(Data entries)
BEGIN

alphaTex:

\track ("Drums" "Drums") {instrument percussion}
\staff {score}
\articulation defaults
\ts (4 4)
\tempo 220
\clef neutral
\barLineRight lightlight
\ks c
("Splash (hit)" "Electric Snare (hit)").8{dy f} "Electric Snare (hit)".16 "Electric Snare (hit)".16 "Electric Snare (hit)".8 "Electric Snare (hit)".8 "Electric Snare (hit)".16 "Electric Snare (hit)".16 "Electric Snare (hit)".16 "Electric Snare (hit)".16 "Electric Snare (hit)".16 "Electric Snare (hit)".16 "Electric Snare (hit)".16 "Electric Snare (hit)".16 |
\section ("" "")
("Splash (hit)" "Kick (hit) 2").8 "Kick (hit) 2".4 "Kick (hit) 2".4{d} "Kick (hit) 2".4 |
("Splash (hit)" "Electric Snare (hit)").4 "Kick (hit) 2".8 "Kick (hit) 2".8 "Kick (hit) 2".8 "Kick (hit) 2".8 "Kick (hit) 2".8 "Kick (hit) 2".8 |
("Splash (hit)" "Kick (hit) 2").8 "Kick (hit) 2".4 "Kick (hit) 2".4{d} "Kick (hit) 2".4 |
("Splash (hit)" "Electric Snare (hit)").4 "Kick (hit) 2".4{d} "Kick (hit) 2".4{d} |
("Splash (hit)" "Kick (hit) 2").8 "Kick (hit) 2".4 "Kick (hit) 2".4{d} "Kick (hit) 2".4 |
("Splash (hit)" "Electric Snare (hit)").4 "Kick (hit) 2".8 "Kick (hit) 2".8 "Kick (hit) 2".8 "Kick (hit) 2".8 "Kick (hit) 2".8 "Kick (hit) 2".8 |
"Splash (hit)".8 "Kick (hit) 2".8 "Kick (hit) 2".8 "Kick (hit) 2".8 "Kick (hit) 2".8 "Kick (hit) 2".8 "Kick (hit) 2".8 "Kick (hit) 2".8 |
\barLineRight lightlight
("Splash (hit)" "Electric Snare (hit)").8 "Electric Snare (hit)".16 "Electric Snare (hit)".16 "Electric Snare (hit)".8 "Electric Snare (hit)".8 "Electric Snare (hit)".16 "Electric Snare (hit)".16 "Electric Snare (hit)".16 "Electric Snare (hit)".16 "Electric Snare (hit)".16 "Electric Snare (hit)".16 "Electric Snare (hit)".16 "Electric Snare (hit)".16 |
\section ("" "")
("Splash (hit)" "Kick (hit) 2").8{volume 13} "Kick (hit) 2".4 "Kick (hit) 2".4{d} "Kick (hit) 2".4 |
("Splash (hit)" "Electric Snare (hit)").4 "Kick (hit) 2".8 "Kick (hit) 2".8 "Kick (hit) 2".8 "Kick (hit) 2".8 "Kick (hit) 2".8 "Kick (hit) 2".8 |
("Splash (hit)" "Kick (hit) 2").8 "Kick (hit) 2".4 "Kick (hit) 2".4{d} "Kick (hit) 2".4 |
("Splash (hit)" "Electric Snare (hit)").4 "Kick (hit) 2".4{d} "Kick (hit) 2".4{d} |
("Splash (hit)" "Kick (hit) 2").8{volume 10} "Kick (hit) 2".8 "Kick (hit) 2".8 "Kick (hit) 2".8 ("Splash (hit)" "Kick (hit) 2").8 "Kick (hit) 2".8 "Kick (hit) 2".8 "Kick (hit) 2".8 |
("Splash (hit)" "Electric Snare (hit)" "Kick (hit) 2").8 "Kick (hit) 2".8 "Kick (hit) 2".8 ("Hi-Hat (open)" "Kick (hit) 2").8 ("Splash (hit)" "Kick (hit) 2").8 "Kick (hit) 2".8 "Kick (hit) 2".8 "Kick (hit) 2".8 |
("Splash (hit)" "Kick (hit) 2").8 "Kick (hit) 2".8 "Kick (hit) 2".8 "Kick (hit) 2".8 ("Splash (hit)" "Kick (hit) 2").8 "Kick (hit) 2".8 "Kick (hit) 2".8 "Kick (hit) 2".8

END

The entries above need to be transcribed with no differences at all.

alphaTex:

\track ("Drums" "Drums") {instrument percussion}
\staff {score}
\articulation defaults
\ts (4 4)
\tempo 220
\clef neutral
\barLineRight lightlight
\ks c
("Splash (hit)" "Electric Snare (hit)").8{dy f} "Electric Snare (hit)".16 "Electric Snare (hit)".16 "Electric Snare (hit)".8 "Electric Snare (hit)".8 "Electric Snare (hit)".16 "Electric Snare (hit)".16 "Electric Snare (hit)".16 "Electric Snare (hit)".16 "Electric Snare (hit)".16 "Electric Snare (hit)".16 "Electric Snare (hit)".16 "Electric Snare (hit)".16 |
\section ("" "")
("Splash (hit)" "Kick (hit) 2").8 "Kick (hit) 2".4 "Kick (hit) 2".4{d} "Kick (hit) 2".4 |
("Splash (hit)" "Electric Snare (hit)").4 "Kick (hit) 2".8 "Kick (hit) 2".8 "Kick (hit) 2".8 "Kick (hit) 2".8 "Kick (hit) 2".8 "Kick (hit) 2".8 |
("Splash (hit)" "Kick (hit) 2").8 "Kick (hit) 2".4 "Kick (hit) 2".4{d} "Kick (hit) 2".4 |
("Splash (hit)" "Electric Snare (hit)").4 "Kick (hit) 2".4{d} "Kick (hit) 2".4{d} |
("Splash (hit)" "Kick (hit) 2").8 "Kick (hit) 2".4 "Kick (hit) 2".4{d} "Kick (hit) 2".4 |
("Splash (hit)" "Electric Snare (hit)").4 "Kick (hit) 2".8 "Kick (hit) 2".8 "Kick (hit) 2".8 "Kick (hit) 2".8 "Kick (hit) 2".8 "Kick (hit) 2".8 |
"Splash (hit)".8 "Kick (hit) 2".8 "Kick (hit) 2".8 "Kick (hit) 2".8 "Kick (hit) 2".8 "Kick (hit) 2".8 "Kick (hit) 2".8 "Kick (hit) 2".8 |
\barLineRight lightlight
("Splash (hit)" "Electric Snare (hit)").8 "Electric Snare (hit)".16 "Electric Snare (hit)".16 "Electric Snare (hit)".8 "Electric Snare (hit)".8 "Electric Snare (hit)".16 "Electric Snare (hit)".16 "Electric Snare (hit)".16 "Electric Snare (hit)".16 "Electric Snare (hit)".16 "Electric Snare (hit)".16 "Electric Snare (hit)".16 "Electric Snare (hit)".16 |
\section ("" "")
("Splash (hit)" "Kick (hit) 2").8{volume 13} "Kick (hit) 2".4 "Kick (hit) 2".4{d} "Kick (hit) 2".4 |
("Splash (hit)" "Electric Snare (hit)").4 "Kick (hit) 2".8 "Kick (hit) 2".8 "Kick (hit) 2".8 "Kick (hit) 2".8 "Kick (hit) 2".8 "Kick (hit) 2".8 |
("Splash (hit)" "Kick (hit) 2").8 "Kick (hit) 2".4 "Kick (hit) 2".4{d} "Kick (hit) 2".4 |
("Splash (hit)" "Electric Snare (hit)").4 "Kick (hit) 2".4{d} "Kick (hit) 2".4{d} |
("Splash (hit)" "Kick (hit) 2").8{volume 10} "Kick (hit) 2".8 "Kick (hit) 2".8 "Kick (hit) 2".8 ("Splash (hit)" "Kick (hit) 2").8 "Kick (hit) 2".8 "Kick (hit) 2".8 "Kick (hit) 2".8 |
("Splash (hit)" "Electric Snare (hit)" "Kick (hit) 2").8 "Kick (hit) 2".8 "Kick (hit) 2".8 ("Hi-Hat (open)" "Kick (hit) 2").8 ("Splash (hit)" "Kick (hit) 2").8 "Kick (hit) 2".8 "Kick (hit) 2".8 "Kick (hit) 2".8 |
("Splash (hit)" "Kick (hit) 2").8 "Kick (hit) 2".8 "Kick (hit) 2".8 "Kick (hit) 2".8 ("Splash (hit)" "Kick (hit) 2").8 "Kick (hit) 2".8 "Kick (hit) 2".8 "Kick (hit) 2".8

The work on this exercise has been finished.